After Freud abandoned the views of etiology (roughly “cause”) of “hysteria” he’d asserted in the mid 1890s (because a lynch mob of wealthy Viennese were ready to string him up) and flew off into his own (cocaine-induced?) delusions about instincts and drives, it took about 70 years to get back on track. One can point to Alice Miller’s books (like =For Your Own Good= and =The Drama of the Gifted Child=) as the work that broke through all the denial of what Freud (and Janet) had asserted to begin with. (This stuff is really worth Googling.)

For a while, though, people went too far with Miller (as well as legions of followers like Judith Herman and Diana Russell) and blamed all forms of “hysteria” on grosser forms of child abuse of one sort or another.
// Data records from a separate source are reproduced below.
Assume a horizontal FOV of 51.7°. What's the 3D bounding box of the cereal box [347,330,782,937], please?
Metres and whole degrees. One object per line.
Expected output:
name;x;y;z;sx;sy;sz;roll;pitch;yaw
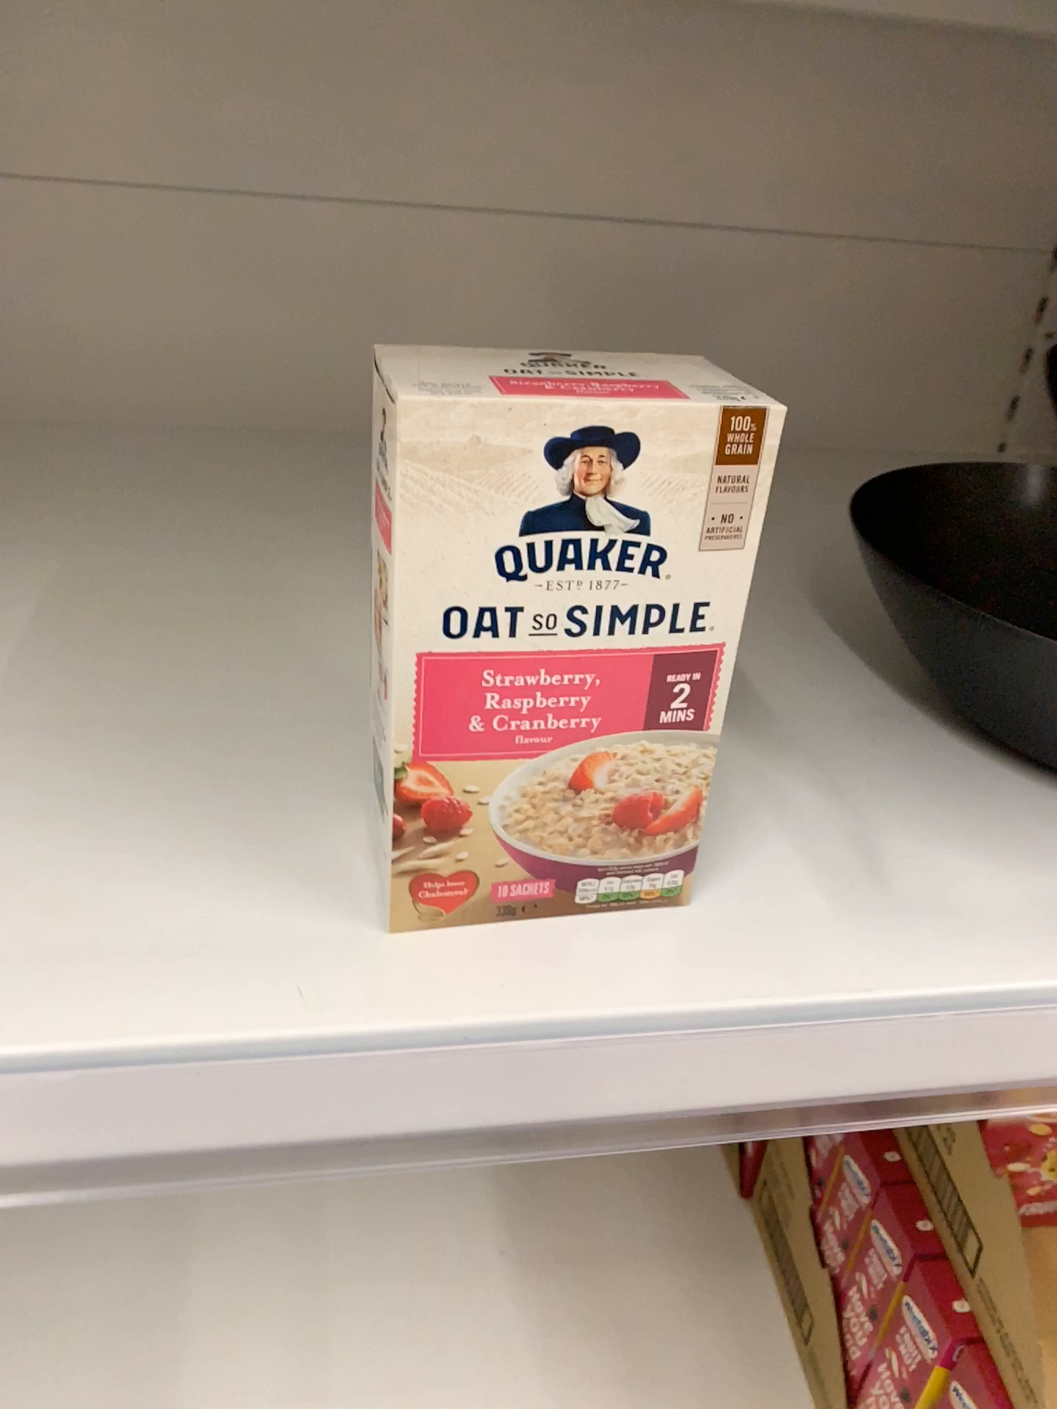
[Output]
cereal box;0.001;-0.025;0.419;0.130;0.208;0.081;-3;30;-15
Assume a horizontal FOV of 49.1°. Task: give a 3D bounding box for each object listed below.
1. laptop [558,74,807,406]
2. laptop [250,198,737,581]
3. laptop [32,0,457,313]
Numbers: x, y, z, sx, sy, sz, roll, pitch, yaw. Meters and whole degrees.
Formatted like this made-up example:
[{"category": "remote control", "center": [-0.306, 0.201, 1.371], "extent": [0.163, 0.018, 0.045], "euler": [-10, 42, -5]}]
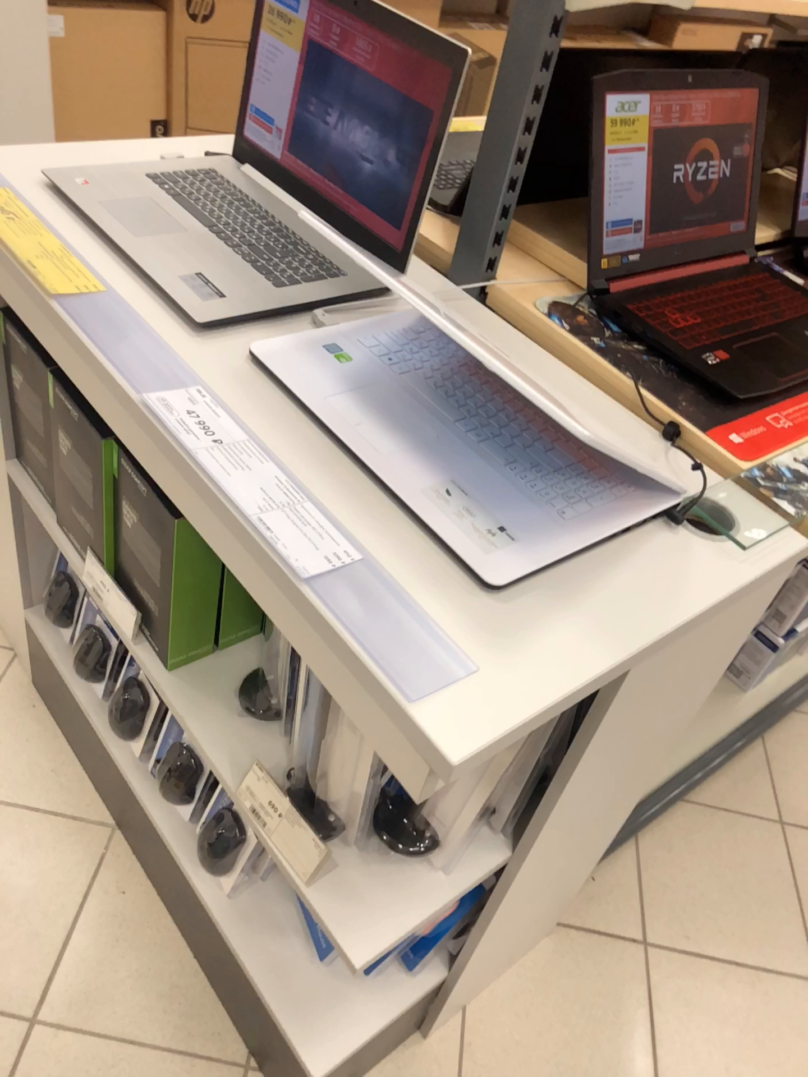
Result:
[{"category": "laptop", "center": [0.467, -0.421, 1.169], "extent": [0.378, 0.220, 0.367], "euler": [-18, 50, -30]}, {"category": "laptop", "center": [0.072, -0.175, 0.883], "extent": [0.257, 0.142, 0.391], "euler": [-23, 54, -36]}, {"category": "laptop", "center": [-0.203, -0.522, 1.077], "extent": [0.337, 0.262, 0.393], "euler": [-24, 54, -37]}]

The etiology is, however, much more complex, as was demonstrated by Theodore Lidz, Stephen Fleck, Gregory Bateson, Paul Watzlawick, Don D. Jackson, R. D. Laing, Aaron Esterson, and Jules Henry… =especially= with regard to the “understandable delusions” and “protective coping mechanisms” of “schizophrenia.”

That said, when I dug through their work, it was like reading about my childhood of “subtle confusions” and “conflicting instructions” and “saying this vs. doing that,” not to mention “you will do as we say… or else” (when I was sure that “all else” meant “taking me back to adoption agency and leaving me to the fates”). (Feh.)

Weird…yeah I guess I haven’t read so much on this opinion of it. I’ll look into it though!

I think everyone lives in at least two scenarios’ of life. The one in the now mode and the one that is looking forward to becoming what we see ourselves as being in the future.